What is Ground Plane
A ground plane refers to a large area or layer of metal, typically copper, that is incorporated into a printed circuit board. It serves as a solid and continuous electrical connection to ground throughout the board. The ground plane is strategically placed on the PCB to provide a low-impedance reference for electrical signals and minimize signal path lengths.
The purpose is to ensure proper grounding and minimize the formation of conductive loops. By covering areas of the PCB that do not have any components or traces with a layer of copper, the ground plane helps prevent the creation of conductive rings that can induce unwanted magnetic fields and cause ground loop electric currents.
In a two-layer PCB design, the ground plane is typically placed on the bottom layer, while the signal traces and electronic components are placed on the upper layer. This arrangement follows design rules that recommend keeping the ground plane as close to the signal traces as possible to minimize the length of the signal paths.
Additionally, a PCB may have ground planes on both sides of the board.

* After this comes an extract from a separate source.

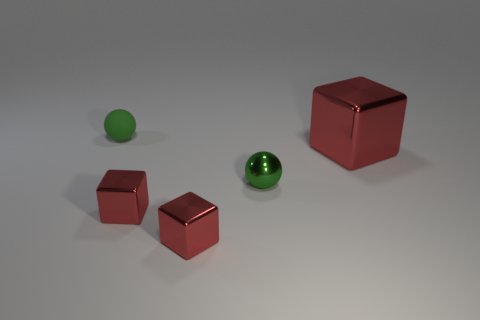Add 1 big red objects. How many objects exist? 6 Subtract all cubes. How many objects are left? 2 Subtract all green metal spheres. Subtract all metallic blocks. How many objects are left? 1 Add 1 tiny rubber spheres. How many tiny rubber spheres are left? 2 Add 2 metallic cubes. How many metallic cubes exist? 5 Subtract 0 purple cubes. How many objects are left? 5

In such cases, one side of the ground plane is connected to the supply voltage, while the other side remains grounded. This design helps maintain a consistent ground voltage level across the entire board.
It is also possible to use multiple ground copper planes on two-layer boards. However, each ground plane should be connected to the power supply independently to prevent the formation of ground loops and keep the ground plane layers separate.